Comme pour l’acquisition d’un fonds de commerce classique, après avoir fait le choix d’un fonds de commerce (en fonction des critères habituels, emplacement, caractéristiques du local, etc.) le repreneur va devoir analyser les éléments composant le fonds de commerce.

C’est là où l’assistance d’un avocat est vivement conseillée :
on analyse le bail, les clauses stratégiques (destination du bail, montant du loyer, typologie des charges locatives, etc.). On analyse le cadre réglementaire du bien (règlement de copropriété s’il en existe un, possibilité ou non d’une extraction) et plus généralement l’ensemble des contrats liés au fonds (franchise éventuelle, licence IV ou licence restauration s’il en existe, etc.).

Surtout, il convient de permettre au candidat de savoir s’il existe ou non du passif à reprendre, afin qu’il puisse construire son prix et faire son offre.
À cet égard, il existe une différence importante selon la procédure :

- En redressement judiciaire:
le repreneur ne reprend aucune dette, sauf le crédit bancaire ayant supporté l’acquisition du fonds de commerce – ou les travaux d’installation-
à condition que la Banque bénéficie d’une sûreté spéciale (un nantissement) ;

- En liquidation judiciaire:
le repreneur ne reprend aucune dette (ni même le crédit bancaire). Il peut en revanche, dans certains cas, être contraint de reprendre l’arriéré locatif s’il en existe - à condition que le bail renferme ce que l’on appelle une « clause de solidarité inversée ». Il s’agit d’une clause spécifique, selon laquelle le cessionnaire (repreneur) est solidairement responsable avec le cédant (vendeur) du paiement du loyer et des charges. Les praticiens en matière de baux commerciaux ont justement inventé ce type de clause pour permettre au bailleur de recevoir le paiement de sa dette locative, en dépit de la procédure locative affectant son locataire.

Il est indispensable pour le repreneur d’identifier l’existence d’un tel passif, afin pouvoir proposer sa meilleure offre tout en maîtrisant l’étendue de son engagement.
Le dépôt de l’offre de reprise Après avoir analysé et audité l’ensemble des éléments composant le fonds de commerce, le repreneur va pouvoir déposer son offre.

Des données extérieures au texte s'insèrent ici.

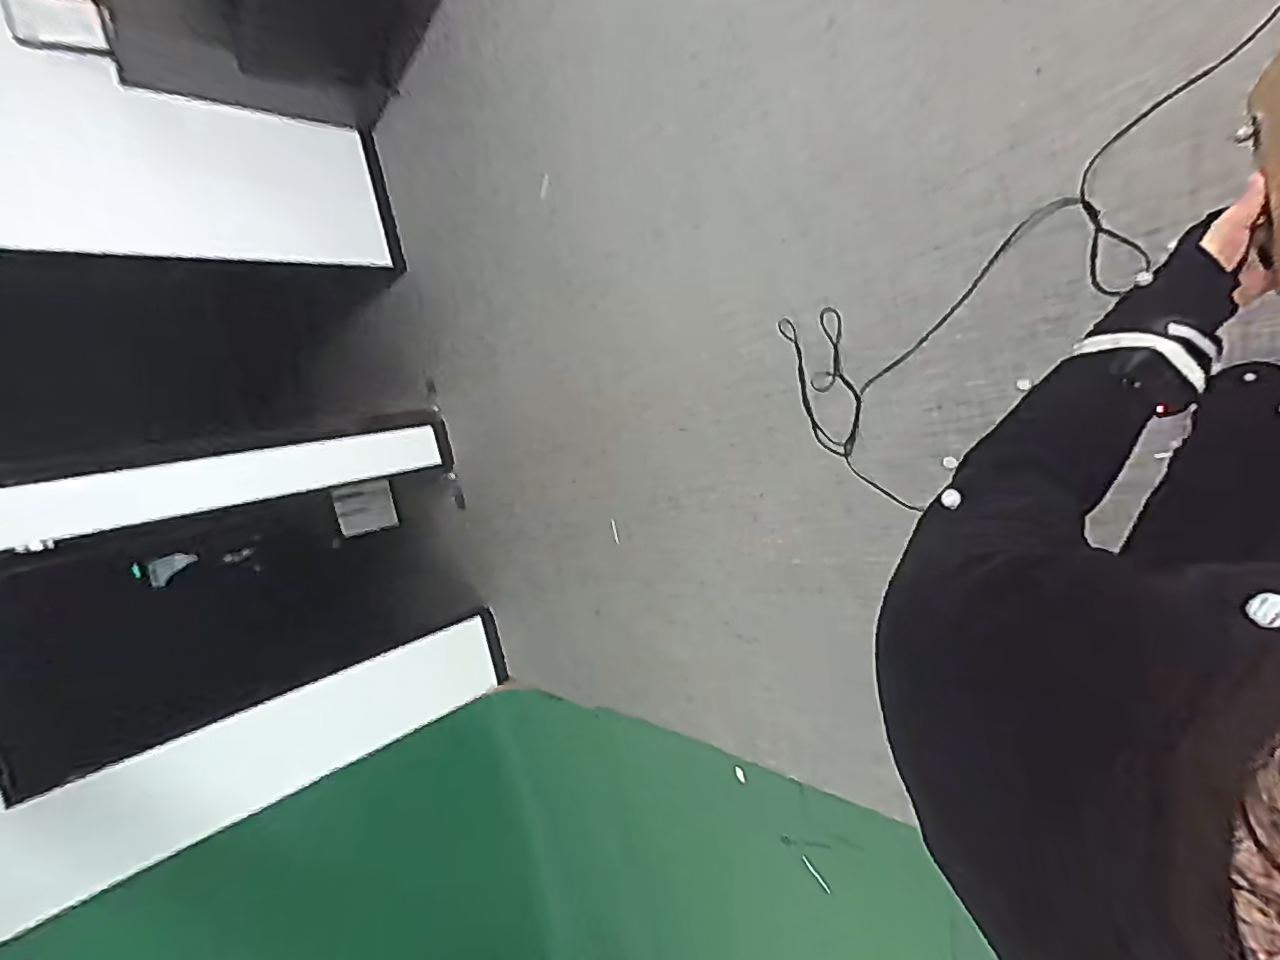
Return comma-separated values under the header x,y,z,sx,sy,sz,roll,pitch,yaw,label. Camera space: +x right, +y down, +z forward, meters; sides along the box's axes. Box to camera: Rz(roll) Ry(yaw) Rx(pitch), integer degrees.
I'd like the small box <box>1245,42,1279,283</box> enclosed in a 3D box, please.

Là encore, l’assistance d’un avocat spécialisé est nécessaire.

Si l’entreprise est en redressement judiciaire, l’offre devra être déposée entre les mains de l’administrateur judiciaire. Si l’entreprise est en liquidation judiciaire, elle sera remise entre les mains du liquidateur. Attention à bien respecter le délai indiqué par l’administrateur ou le liquidateur ! À défaut, votre offre serait irrecevable.

Dans tous les cas, l’offre doit comporter un certain nombre d’indications à peine de validité (identité du repreneur, liste des actifs à reprendre, conditions et modalités de règlement du prix) étant précisé que l’offre ne peut pas être assortie de conditions suspensives. Ce point est très important : cela signifie notamment que le repreneur ne peut pas conditionner son offre à l’obtention d’un crédit bancaire. En somme, il doit avoir le cash et justifier de garanties de paiement suffisantes pour faire son offre.

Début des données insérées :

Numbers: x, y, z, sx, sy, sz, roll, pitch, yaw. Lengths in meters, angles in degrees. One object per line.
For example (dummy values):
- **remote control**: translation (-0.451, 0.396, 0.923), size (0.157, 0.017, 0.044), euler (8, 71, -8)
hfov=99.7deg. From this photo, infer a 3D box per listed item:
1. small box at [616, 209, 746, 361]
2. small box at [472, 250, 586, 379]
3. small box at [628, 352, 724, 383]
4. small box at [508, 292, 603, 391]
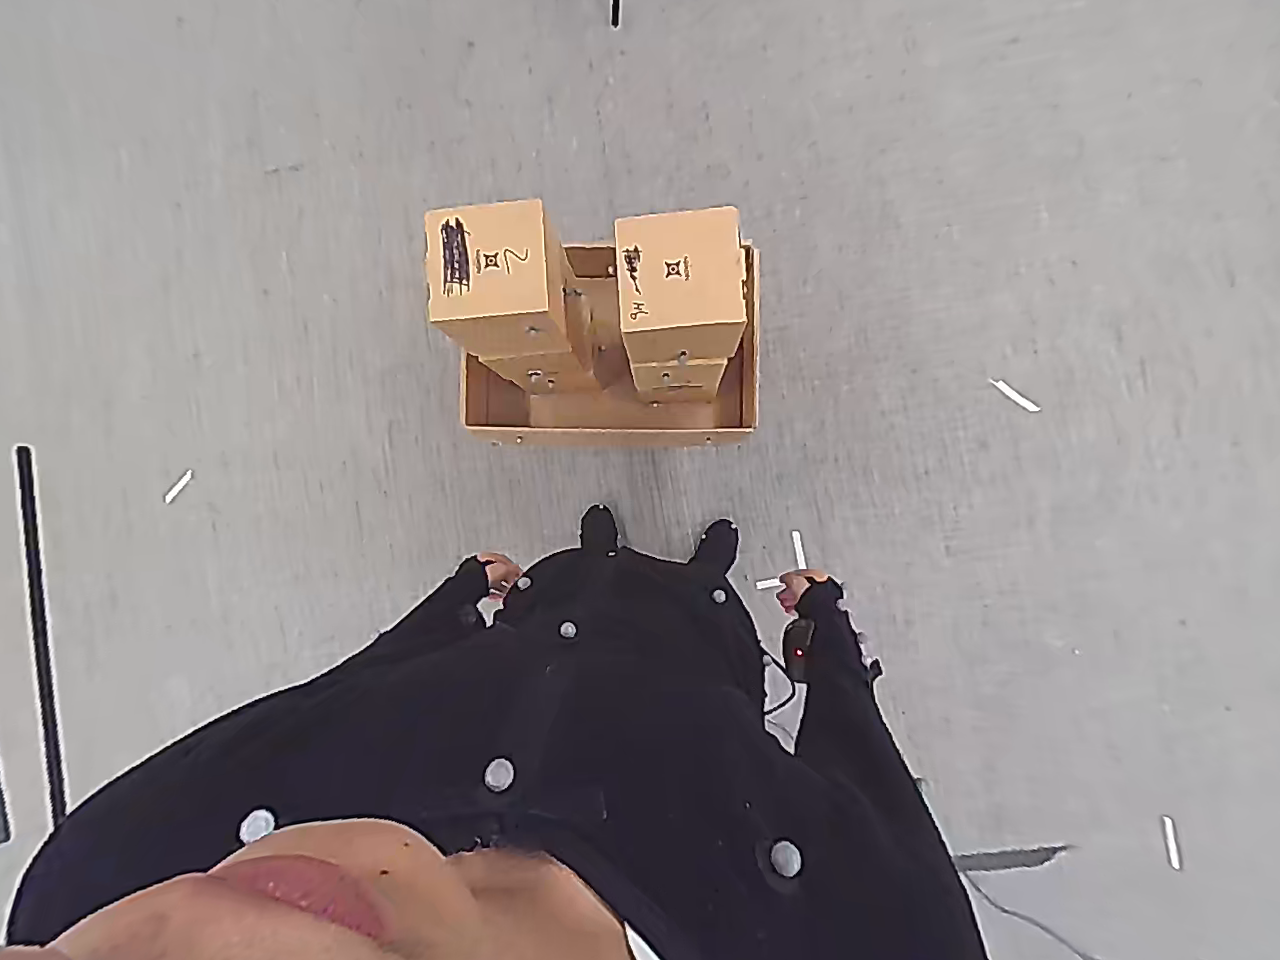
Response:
- **small box**: translation (0.059, -0.287, 0.828), size (0.179, 0.176, 0.168), euler (-3, 87, 3)
- **small box**: translation (-0.199, -0.299, 1.006), size (0.168, 0.176, 0.179), euler (-5, 87, 5)
- **small box**: translation (0.066, -0.278, 0.992), size (0.168, 0.176, 0.179), euler (-1, 87, 3)
- **small box**: translation (-0.180, -0.292, 1.169), size (0.179, 0.176, 0.168), euler (-2, 88, 3)

À ce stade, la question qui revient systématiquement chez les candidats est la même :

Puis-je connaître mes concurrents (autres candidats repreneurs) et notamment le contenu de leur offre ?

La réponse dépend de la procédure.

 En redressement judiciaire, le Code de commerce prévoit que les offres remises à l’administrateur judiciaire sont ensuite déposées au greffe où elles sont librement consultables par tout intéressé. Il est donc possible de connaître ses concurrents.
Il est surtout possible pour le candidat d’améliorer son offre (jusqu’à deux jours avant l’audience) en fonction des offres de ses concurrents.

En liquidation judiciaire, il n’existe en principe pas de phase améliorative. Normalement, les offres sont remises au Juge sous pli cacheté et ouvertes à l’audience. Toutefois, certains tribunaux permettent parfois dans certaines conditions une phase améliorative après ouverture des plis (mais c’est assez rare, et la pratique est plutôt contestée par la doctrine…).

Quels sont les critères de sélection des offres ?
C’est là encore une question qui revient souvent dans l’esprit des repreneurs. Tout dépend de la procédure et de l’objectif qu’elle poursuit.

En l’occurrence, le but de la procédure de liquidation judiciaire est de permettre le paiement des créanciers : ainsi, à priori, le Juge retiendra simplement le mieux-disant en termes de prix.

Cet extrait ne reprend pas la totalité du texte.